Plot and Major Characters
Jude the Obscure opens as a young Jude Fawley watches his school teacher, Mr. Richard Phillotson, depart the small town of Marygreen and travel to the university at Christminster. Sharing Phillotson's goal of earning a degree, Jude hopes to one day follow the same path and so studies intently. Meanwhile, he lives with his great-aunt, Drusilla Fawley, and learns the trade of stonemasonry in order to earn money for his future. Several years pass and Jude, now nineteen years old, meets Arabella Donn, the daughter of a local pig farmer. Sensuous and physically attractive, Arabella pursues Jude, and the two become lovers. Eventually Arabella convinces Jude that she has become pregnant by him, and they marry. Quickly growing tired of her new husband, however, she leaves him and emigrates to Australia. Jude than resumes his original plan and journeys to Christminster. There he meets his distant cousin Sue Bridehead, an intelligent, unconventional woman with whom he immediately falls in love. He later learns that Sue has also attracted the attention of Phillotson. Disheartened by this news and his inability to gain acceptance to the university, Jude departs Christminster for Melchester, where he hopes to pursue theological studies instead. Now also in Melchester at a training college, Sue spends time with Jude, but grows cold when he professes his love to her. After a fearful Jude reveals to her that he is married, she responds by proclaiming her own marriage, to Phillotson. However, the marriage is not to Sue's liking, and the return of Arabella, who has since married an Australian man, prompts Sue to change her mind about Jude.
At the funeral for Jude's recently deceased aunt, Sue kisses Jude passionately. Thinking himself no longer suitable for a career in the Church, Jude forsakes his theological studies. Sue, meanwhile, asks Phillotson for his permission to leave. Sue and Jude move in together in the nearby town of Aldbrickham, while Phillotson eventually grants Sue a divorce. After a year Sue still refuses to make love to Jude, until Arabella appears once again, and Sue and Jude, though unmarried, consummate their relationship for the first time. Arabella notifies Jude that they have a son together, a gloomy boy who is called Little Father Time. The boy arrives shortly from Australia to live with Jude and Sue. Meanwhile, public dislike for the couple's unwed lifestyle costs Jude his job, and the two leave Aldbrickham for Kennetbridge. More than two years pass, and Jude and Sue now have two children of their own, while Sue carries another unborn. When Little Father Time hears his adopted mother's unhappy reaction to the pregnancy he mistakenly believes that he and the other children are the source of the family's woes. He responds by hanging his siblings and then himself. He leaves a note nearby that reads "Done because we are to menny." Soon after, Sue delivers her child stillborn.
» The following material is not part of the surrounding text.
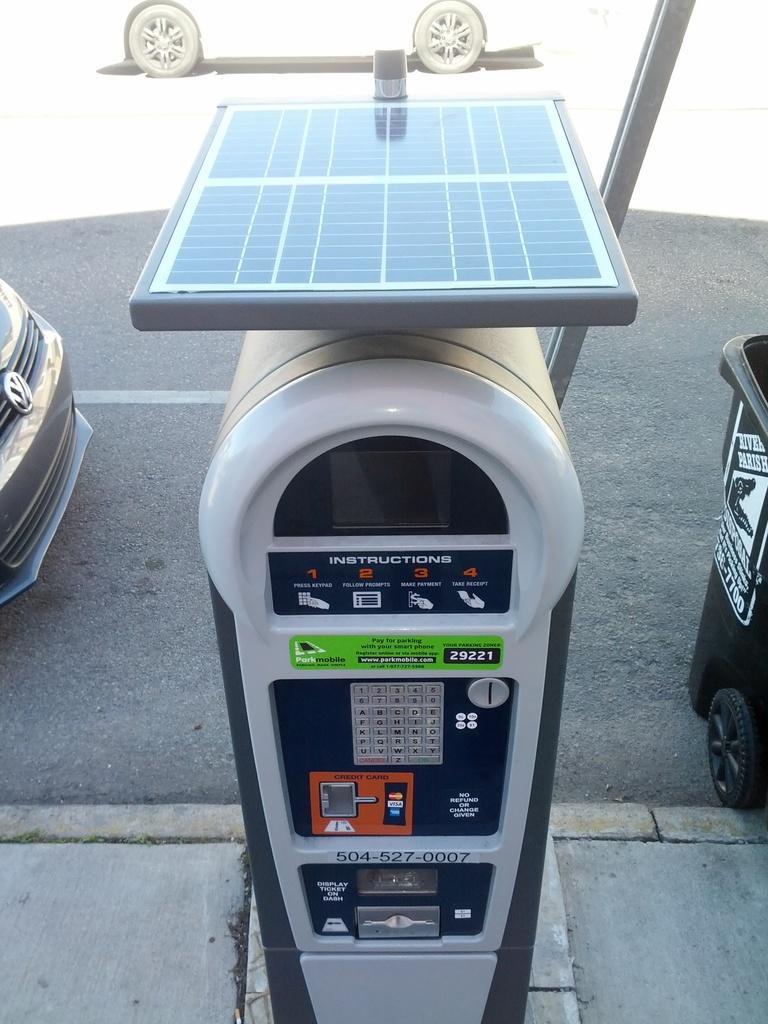Could you give a brief overview of what you see in this image? In this image we can see a parking meter and vehicles on the road. Right side, we can see it looks like a dustbin on the road.

Jude, meanwhile, falls ill and works only irregularly. Arabella then reappears—her Australian husband has since died—with a revived interest in Jude. She contacts Phillotson, who writes to Sue, urging her to return to him. Sue, feeling that she has been wrong to live with Jude unmarried, agrees. Arabella then contrives to get Jude back, and the two remarry. Jude, who has grown more and more ill over time, professes his enduring love for Sue, but both remain, unhappily, with their former spouses. When Jude dies one year later, having never realized his ambitions, he is attended only by Arabella and Mrs. Edlin, a family friend.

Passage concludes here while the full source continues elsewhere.